Being unattached to the outcome
Ever found you’ve wanted someone else to do something for you
and despite your efforts he (let’s say) persists in not doing what you ask? You think you’ve made your request pretty plain but what you get
back is not what you wanted. Let’s assume the process relies on the other person’s cooperation for things to get done. You push harder and
somehow it still doesn’t happen as you want. It seems as though everything, and particularly this person, is conspiring to prevent you getting
what you want. Let’s say the day has come to an end and you leave your workplace with the matter incomplete. But in yourself, you are still
fuming from what has seemed like your inability to get a result, what we call “being on it”, caught up in a drama. Do you get this in your
life?
I have certainly done. In fact it’s got so sophisticated that
I can be pretty sure that if I continue pushing, things will continue to jam up and nothing works. It’s like I’m working in an old paradigm
that’s past its sell-by date and therefore pointless to continue to try to operate.
One thing that’s powerful of course is to become aware of
what is happening, and what I’m doing here, let go and “get off it”, ie. let go of the drama. The beauty of this is that very probably
everything then works out.
However, there’s another related concept that I also use
here, and that is “attachment”. While I am caught up in some drama like the one described above, I am attached to it. To let go, or even more
powerfully, not to get caught up in it in the first place, is to practice non-attachment. Non-attachment is related to the concept of the
Witness, which I have referred to several times before in this blog. While I am in the space of the Witness in relation to happens in my life,
I am not emotionally engaged in what happens. I am not wrapped up in my ego and my egoic patterns which I learned eons ago. I am
unattached.
When we are caught up in something, we are acting outside of
awareness. It is unconscious, a knee-jerk response. We are wrapped up in it and we won’t see what’s really going on, such as that we are
emotionally caught up, maybe feeling angry in this example, won’t take the bigger perspective, won’t see it from another angle, won’t see it
from the other person’s point of view, etc.. It’s as though, to use an old image, a record has got stuck in a grove and keeps repeating. We
are very probably doing just that, repeating an old-established way of feeling, thinking and acting. This is the ego at work. To enable us to
survive, as we saw it, we learned to react in certain ways. This is the ego, ahamkara, the limited personality. However, what we learned when
we were still throwing the toys out of the pram in a tantrum doesn’t serve us in adulthood or as we grow psychologically and spiritually. The
old creative adjustment to the circumstances of life as we perceived them are no longer serving us. The trouble is, getting it. The
seductiveness of the ego is to bring us back into old patterns, to ensure our perceived survival.

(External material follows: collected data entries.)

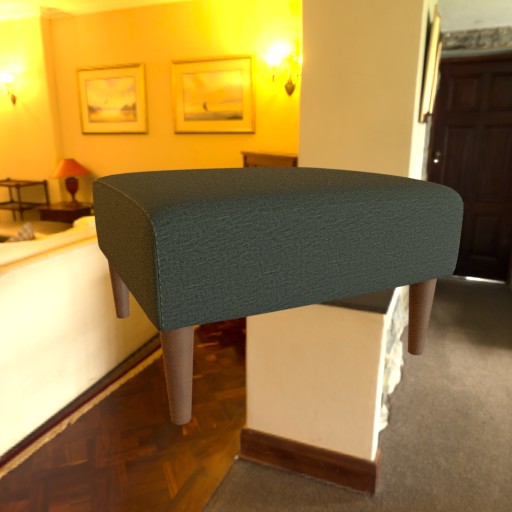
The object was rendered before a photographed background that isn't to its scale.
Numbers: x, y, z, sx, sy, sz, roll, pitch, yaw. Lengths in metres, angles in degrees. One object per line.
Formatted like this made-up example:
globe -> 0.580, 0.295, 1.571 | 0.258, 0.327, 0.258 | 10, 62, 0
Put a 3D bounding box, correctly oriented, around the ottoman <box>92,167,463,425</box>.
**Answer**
ottoman -> 0.000, 0.000, 1.059 | 0.650, 0.398, 0.649 | -7, 17, -26
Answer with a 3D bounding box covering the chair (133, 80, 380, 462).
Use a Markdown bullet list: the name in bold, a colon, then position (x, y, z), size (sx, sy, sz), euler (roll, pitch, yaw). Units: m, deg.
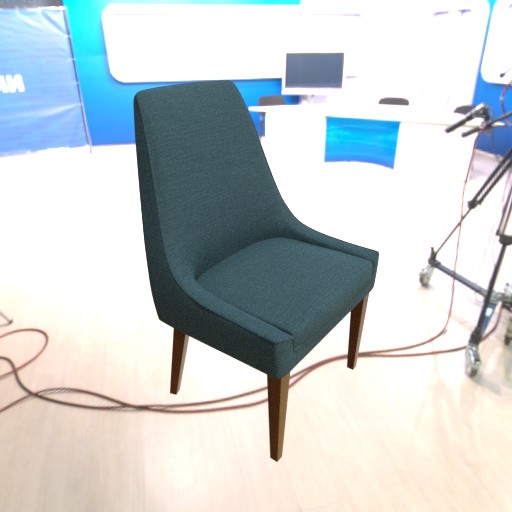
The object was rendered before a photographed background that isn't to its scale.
- **chair**: position (0.000, 0.000, 1.227), size (0.544, 0.861, 0.529), euler (19, 33, 32)
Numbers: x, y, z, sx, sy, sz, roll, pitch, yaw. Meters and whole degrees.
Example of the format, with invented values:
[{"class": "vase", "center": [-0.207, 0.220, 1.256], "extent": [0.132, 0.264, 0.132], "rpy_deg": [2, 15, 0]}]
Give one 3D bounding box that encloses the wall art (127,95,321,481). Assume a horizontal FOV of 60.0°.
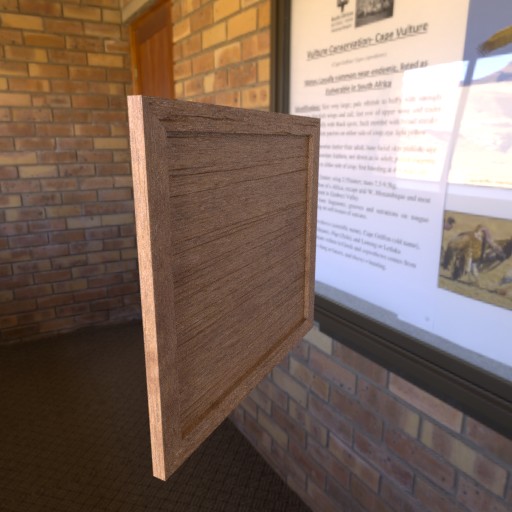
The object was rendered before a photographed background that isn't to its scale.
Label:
[{"class": "wall art", "center": [0.000, 0.000, 0.943], "extent": [0.026, 0.588, 0.690], "rpy_deg": [7, 16, 26]}]
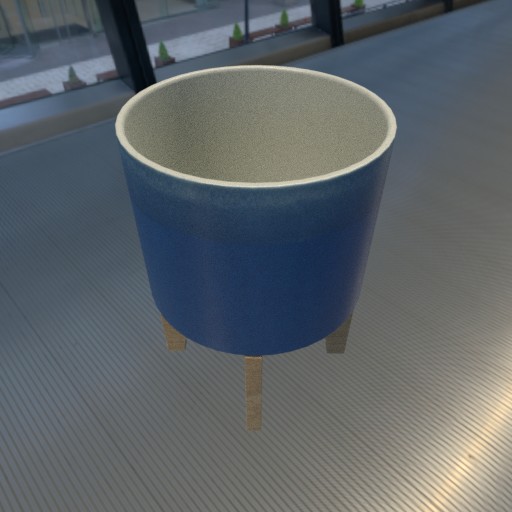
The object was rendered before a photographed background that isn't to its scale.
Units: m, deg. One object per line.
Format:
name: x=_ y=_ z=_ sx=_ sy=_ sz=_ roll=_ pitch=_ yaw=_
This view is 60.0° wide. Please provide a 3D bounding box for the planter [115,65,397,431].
planter: x=0.000 y=0.000 z=0.543 sx=0.261 sy=0.367 sz=0.261 roll=0 pitch=42 yaw=0
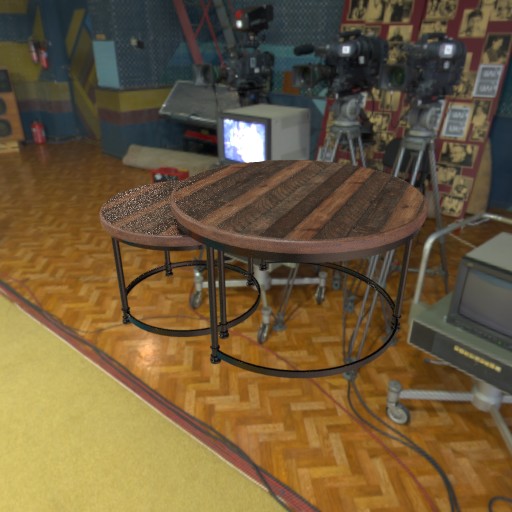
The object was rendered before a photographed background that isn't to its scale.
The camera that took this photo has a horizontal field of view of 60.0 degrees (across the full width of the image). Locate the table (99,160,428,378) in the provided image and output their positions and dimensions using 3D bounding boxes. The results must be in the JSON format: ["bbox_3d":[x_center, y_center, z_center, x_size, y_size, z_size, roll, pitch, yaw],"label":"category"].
[{"bbox_3d":[0.000,0.000,1.664,1.152,0.516,0.870,0,26,1],"label":"table"}]
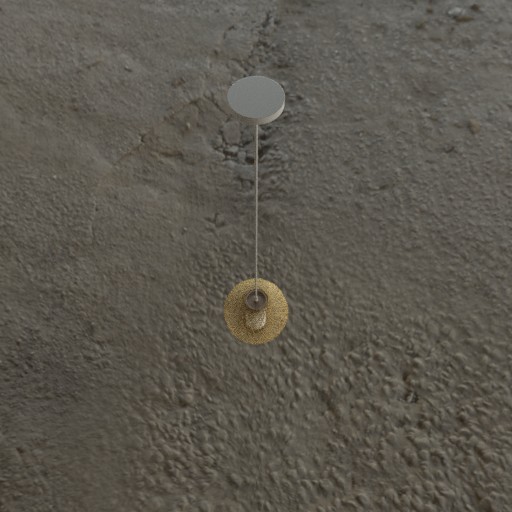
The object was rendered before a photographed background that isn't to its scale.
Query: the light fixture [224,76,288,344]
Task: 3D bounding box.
[{"bbox_3d":[0.000,0.000,2.091,0.406,1.955,0.407,3,63,1],"label":"light fixture"}]
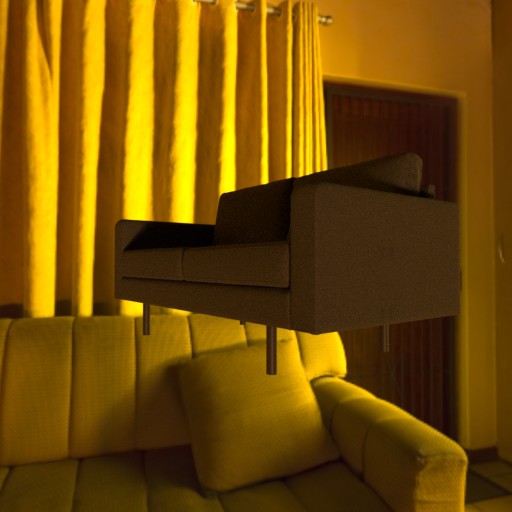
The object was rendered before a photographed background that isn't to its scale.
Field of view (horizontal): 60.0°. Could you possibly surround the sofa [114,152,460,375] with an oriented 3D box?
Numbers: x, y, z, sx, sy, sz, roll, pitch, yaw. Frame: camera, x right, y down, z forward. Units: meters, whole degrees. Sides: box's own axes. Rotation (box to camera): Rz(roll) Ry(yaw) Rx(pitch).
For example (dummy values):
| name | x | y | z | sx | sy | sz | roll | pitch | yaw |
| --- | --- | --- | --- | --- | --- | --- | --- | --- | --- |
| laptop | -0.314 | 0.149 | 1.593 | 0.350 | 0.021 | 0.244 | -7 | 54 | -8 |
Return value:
| name | x | y | z | sx | sy | sz | roll | pitch | yaw |
| --- | --- | --- | --- | --- | --- | --- | --- | --- | --- |
| sofa | 0.000 | 0.000 | 2.305 | 0.889 | 0.897 | 1.730 | 1 | -1 | -38 |
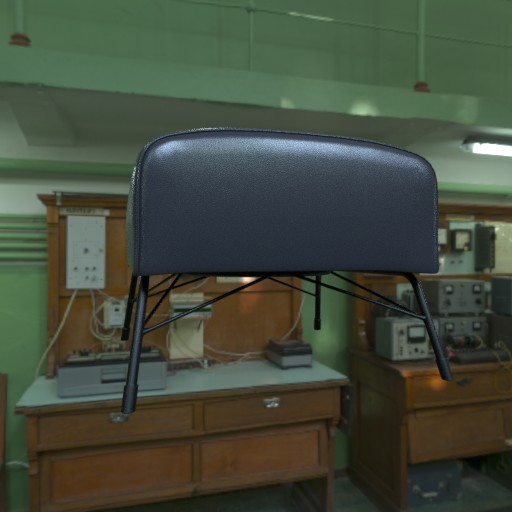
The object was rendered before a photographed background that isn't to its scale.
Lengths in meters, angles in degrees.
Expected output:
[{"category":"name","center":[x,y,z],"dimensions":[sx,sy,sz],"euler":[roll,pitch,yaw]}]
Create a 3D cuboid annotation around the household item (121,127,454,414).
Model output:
[{"category":"household item","center":[0.000,0.000,0.907],"dimensions":[0.530,0.410,0.530],"euler":[0,0,-17]}]
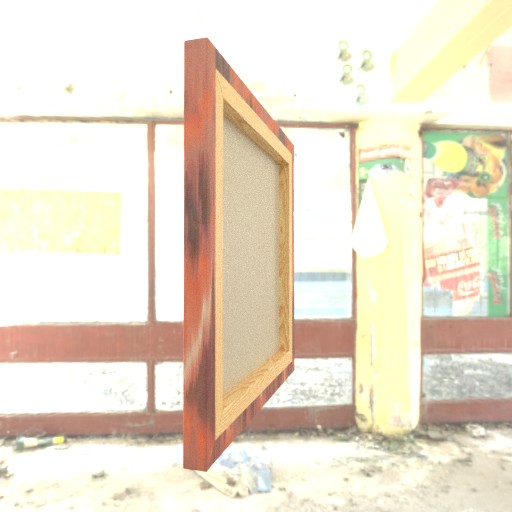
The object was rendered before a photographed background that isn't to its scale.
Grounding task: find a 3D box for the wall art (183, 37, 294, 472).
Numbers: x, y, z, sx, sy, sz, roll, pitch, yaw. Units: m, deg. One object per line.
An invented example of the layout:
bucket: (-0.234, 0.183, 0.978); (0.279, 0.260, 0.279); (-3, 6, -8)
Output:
wall art: (0.000, 0.000, 0.912); (0.037, 0.609, 0.603); (0, -1, 17)
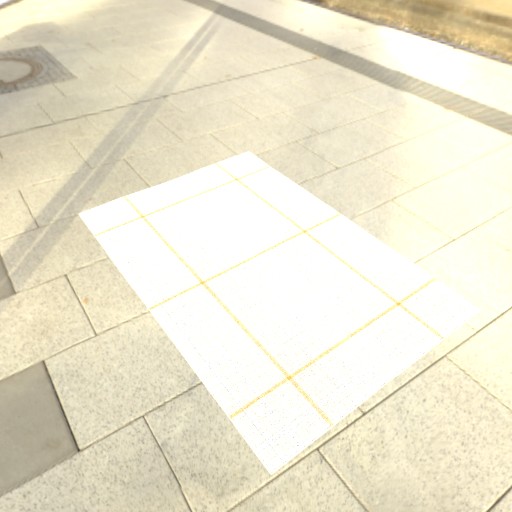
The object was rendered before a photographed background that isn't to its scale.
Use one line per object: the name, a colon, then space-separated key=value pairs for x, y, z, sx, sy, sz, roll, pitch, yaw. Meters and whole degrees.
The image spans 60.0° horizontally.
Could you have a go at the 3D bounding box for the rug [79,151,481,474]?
rug: x=0.000 y=0.000 z=2.313 sx=1.232 sy=0.015 sz=1.825 roll=-27 pitch=49 yaw=-26
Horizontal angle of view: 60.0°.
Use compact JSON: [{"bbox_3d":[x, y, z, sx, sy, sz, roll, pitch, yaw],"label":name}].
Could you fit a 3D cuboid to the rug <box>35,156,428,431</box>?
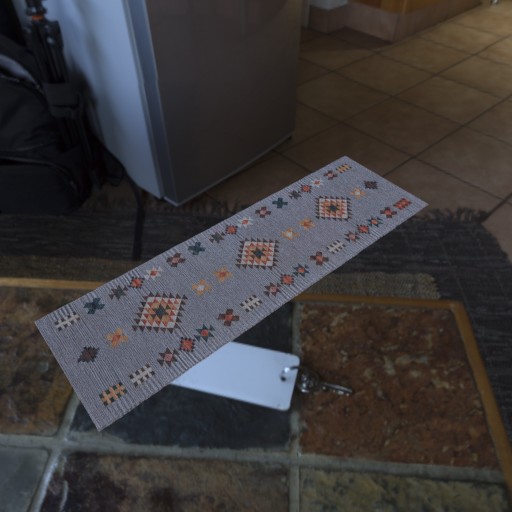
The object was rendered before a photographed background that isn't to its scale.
[{"bbox_3d":[0.000,0.000,2.694,2.432,0.008,0.766,-31,54,-26],"label":"rug"}]
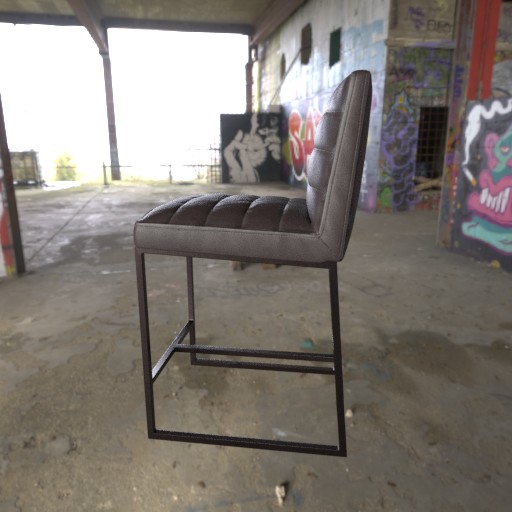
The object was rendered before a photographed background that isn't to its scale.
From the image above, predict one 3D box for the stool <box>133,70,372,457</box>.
[{"bbox_3d":[0.000,0.000,1.274,0.562,0.946,0.463,2,15,8],"label":"stool"}]
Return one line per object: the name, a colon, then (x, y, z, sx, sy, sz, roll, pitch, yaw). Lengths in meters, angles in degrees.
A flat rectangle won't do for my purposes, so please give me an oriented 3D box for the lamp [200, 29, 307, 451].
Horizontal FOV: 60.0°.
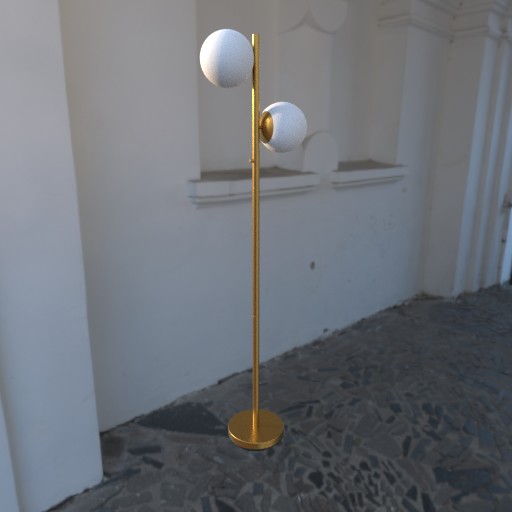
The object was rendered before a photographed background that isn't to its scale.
lamp: (0.000, 0.000, 1.788, 0.419, 1.641, 0.249, -8, 16, -27)
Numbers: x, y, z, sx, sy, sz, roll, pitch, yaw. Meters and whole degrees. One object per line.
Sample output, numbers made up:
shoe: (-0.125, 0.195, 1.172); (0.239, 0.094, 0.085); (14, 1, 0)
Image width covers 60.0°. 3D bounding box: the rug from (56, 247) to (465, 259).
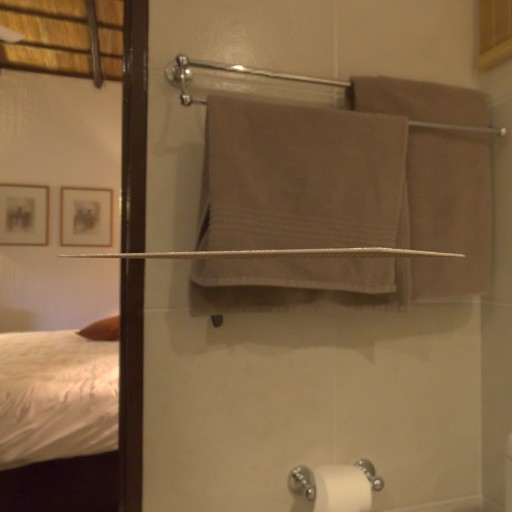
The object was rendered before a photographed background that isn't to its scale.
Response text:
rug: (0.000, 0.000, 3.562); (2.746, 0.018, 1.819); (-1, -1, 36)
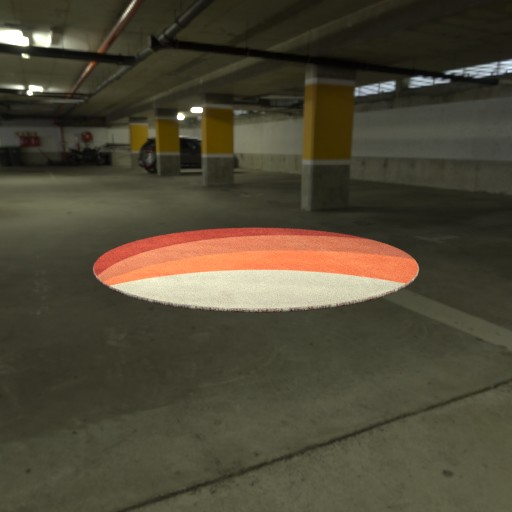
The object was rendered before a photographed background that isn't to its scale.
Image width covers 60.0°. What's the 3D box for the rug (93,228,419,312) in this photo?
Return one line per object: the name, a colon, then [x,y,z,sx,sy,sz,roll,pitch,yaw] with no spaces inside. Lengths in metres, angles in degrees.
rug: [0.000,0.000,2.187,1.514,0.015,1.514,0,14,0]
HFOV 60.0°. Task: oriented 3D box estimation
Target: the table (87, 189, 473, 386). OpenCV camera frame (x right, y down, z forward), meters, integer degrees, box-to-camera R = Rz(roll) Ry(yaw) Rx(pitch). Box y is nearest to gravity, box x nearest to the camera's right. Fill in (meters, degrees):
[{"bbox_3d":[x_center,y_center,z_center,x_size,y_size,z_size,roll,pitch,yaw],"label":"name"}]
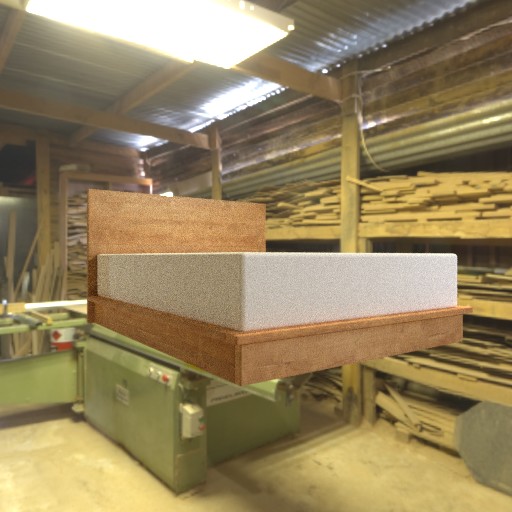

In attachment, what is happening is that, almost perversely,
we keep on with the pattern. Something happens like my example of someone not doing what you want, and you dig in, get engaged and get “on
it”. You are holding on to the pattern, belief, attitude or whatever. You’re attached to it. And, lo and behold, the universe, under the Law
of Attraction, gives you more of what you are thinking. So you get more of it.
To practice non-attachment is to be in the Witness, to choose
not to engage. You notice what is happening, you may even witness your own response, but you exercise your will, you take responsibility, you
choose to not allow your mind to go down its familiar route and you breathe out the emotions that you sense in the background. You keep mental
clarity. You hold no expectations about what is to happen. You may intend a certain result. But you are not attached to it. There is freedom
here, even for something else to occur, maybe even better that the one you might have got engaged about. You can allow life to flow and to
trust that what you really need comes to you.
When we are attached, we are afraid it won’t come to us. In
the ego state, we live out of fear, fundamentally that we won’t get what we want, most of all of which is love.
Non-attachment is a hard practice to follow in the West,
given our environment of desire, expectations, orientation to action and getting the results we think we need and our seemingly heavy
involvement with many others thinking the same. But it can be done, even in the thick of things. It only takes awareness and a shift of
perspective. That needs to be learned and practiced, developing mental clarity, nothing more.